4) Brute force. Yes, possible. I will improve my passwords. They aren't bad, proper noun and numbers, but could be stronger.
5) MITM? Possible. SSLStrip? Also possible I'm sure, but I don't know what it is. I will research.

My main concern is a keylogger (for example) on my machine. I know it's unlikely on Ubuntu, but any insight anyone could give would be very welcome.

My bank only requires me to enter 3 characters of my password each time, out of password which is over 10 chars. The thieves have logged in three times with no failed logins which implies they have my whole password. Either it's been compromised at the bank end somehow, or they've observed multiple logins at my end and assembled the whole password from that.

Once again, I know it may not be my machines that are compromised, but I just want to make sure. Your input is much appreciated.

From the browser standpoint the best thing to do is verify the certificate when you are connecting to your bank and be sure you not the https. There are some tools and options, you could use to force https for certain domains. See the following: http://dev.chromium.org/sts

One other possibility, though it gets somewhat remote is a vulnerability in flash or javascript. To increase your browser security you could use addons like noscript, ghostery, and adblock plus. These will improve your browsing experience and help reduce the vulnerability window.

If your bank allows it, I would recommend changing both your user access name and your password. They already have your username and could theoretically regain your password in a matter of time. Part of what bothers me about your situation is that I would think that if there were too many failure attempts to login that there would be an automatic "ban" of the IP put in place, even a temporary one, and if this were to continue you would have been notified before this latest incident.

As far as checking your system, the Cert checklist I provided above contains the necessary steps to audit. This will involve looking for hidden and modified files. You will want to see what system files have been modified and verify those against the package libraries. You should also look carefully at the output of the following commands (borrowed from a post by unSpawn) that will compile the data to be examined into a file for analysis:
Consider running your logs through logwatch to look for anomalous entries or go through them by hand, or by both.

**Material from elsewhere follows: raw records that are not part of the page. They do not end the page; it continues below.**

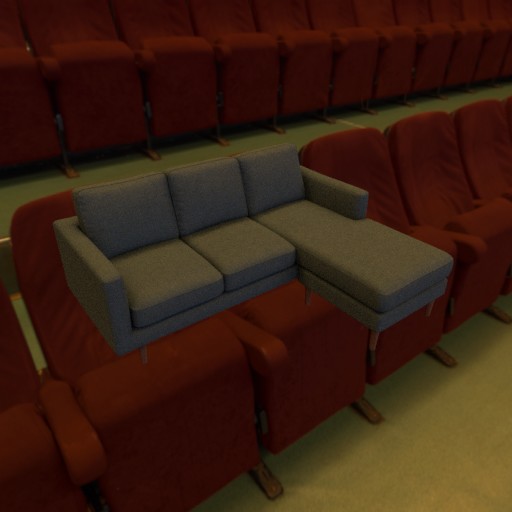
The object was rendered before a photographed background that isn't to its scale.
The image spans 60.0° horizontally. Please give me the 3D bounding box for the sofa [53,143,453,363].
[{"bbox_3d":[0.000,0.000,2.939,2.055,0.957,1.667,-21,36,-32],"label":"sofa"}]
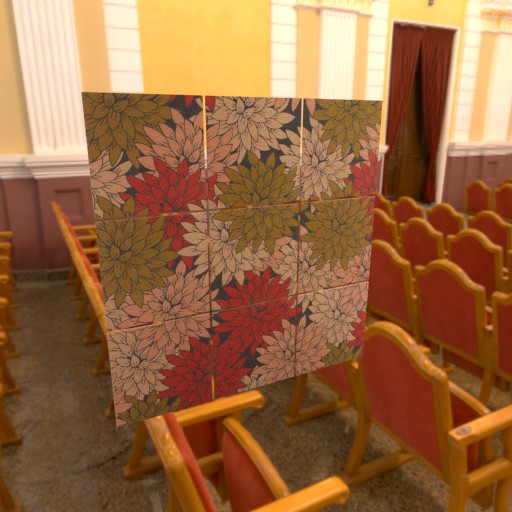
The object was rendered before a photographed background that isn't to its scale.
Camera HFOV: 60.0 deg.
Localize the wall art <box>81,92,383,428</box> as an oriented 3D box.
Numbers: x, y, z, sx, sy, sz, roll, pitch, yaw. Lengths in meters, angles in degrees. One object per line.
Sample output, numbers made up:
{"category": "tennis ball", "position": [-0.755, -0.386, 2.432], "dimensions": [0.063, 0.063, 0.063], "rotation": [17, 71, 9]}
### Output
{"category": "wall art", "position": [0.000, 0.000, 2.268], "dimensions": [1.519, 1.534, 0.013], "rotation": [-8, 19, -26]}
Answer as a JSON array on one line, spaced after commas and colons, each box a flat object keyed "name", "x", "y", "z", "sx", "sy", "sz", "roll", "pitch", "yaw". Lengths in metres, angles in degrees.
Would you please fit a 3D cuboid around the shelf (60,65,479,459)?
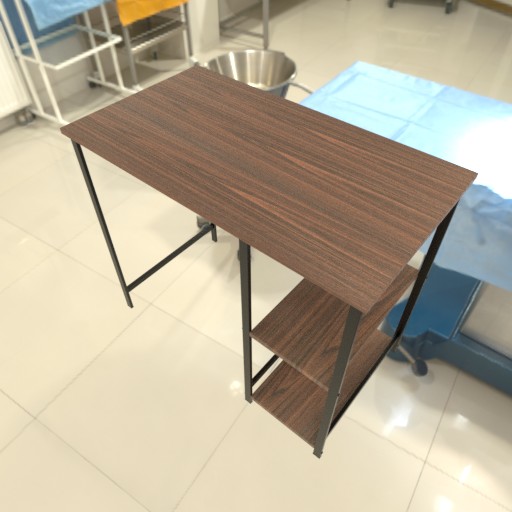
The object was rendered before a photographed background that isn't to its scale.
[{"name": "shelf", "x": 0.000, "y": 0.000, "z": 1.344, "sx": 0.902, "sy": 0.750, "sz": 0.498, "roll": 31, "pitch": 54, "yaw": 26}]
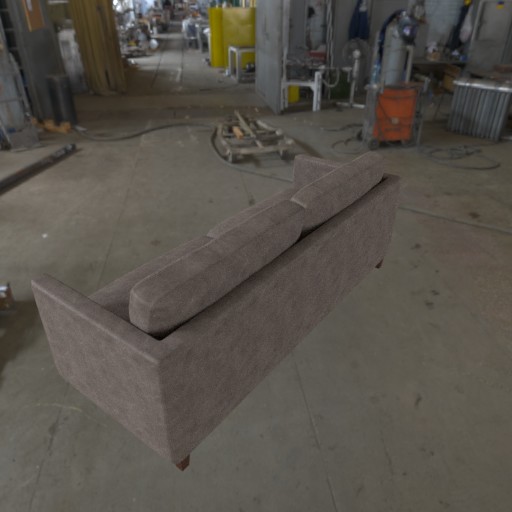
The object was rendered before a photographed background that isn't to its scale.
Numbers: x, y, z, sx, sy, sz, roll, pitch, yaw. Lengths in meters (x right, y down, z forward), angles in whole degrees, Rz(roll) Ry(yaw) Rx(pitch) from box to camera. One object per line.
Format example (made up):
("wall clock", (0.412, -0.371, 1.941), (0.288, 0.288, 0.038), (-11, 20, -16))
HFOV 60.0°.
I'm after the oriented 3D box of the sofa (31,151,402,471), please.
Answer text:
("sofa", (0.000, 0.000, 2.844), (0.951, 0.965, 2.434), (21, 37, 31))

Normally, I would not recommend this and I would most definitely recommend performing an investigation first, but given the severity of what is happening you may want to save your personal data off of this machine and perform a wipe and re-install. If you do decide to go this route, please perform the above investigation first and report back with any suspicious information that you need help with.

How much do you trust your workmates? A hardware keylogger is a possibility. e.g.http://www.keyghost.com/USB-Keylogger.htm

Obviously, the first thing that you need to do ... and, I surmise, that you have already done ... is to call your bank. Once they are aware that your login credentials have been compromised, they can shut-down all attempts to use them, and they can even reverse the transactions that were made ... because you assert that they are fraudulent.

In other words: don't panic. Sure, to you "it's money," but to your bank (and to all the other banks worldwide, including the crook's), it's merely transactions. If the transaction is alleged to be fraudulent, it can be "rolled back."

Generally weak passwords / not changed coupled with compromised software on your side.

It could also be that the phone call is phishing but be sure to call them back to verify.

When you use banking online be sure to check security. Change your passwords often and use strong hacker resistant ones. Free online password generators may or may not be a good place either to use. Create your own.

Use live cd's maybe. Linux is not hacker proof.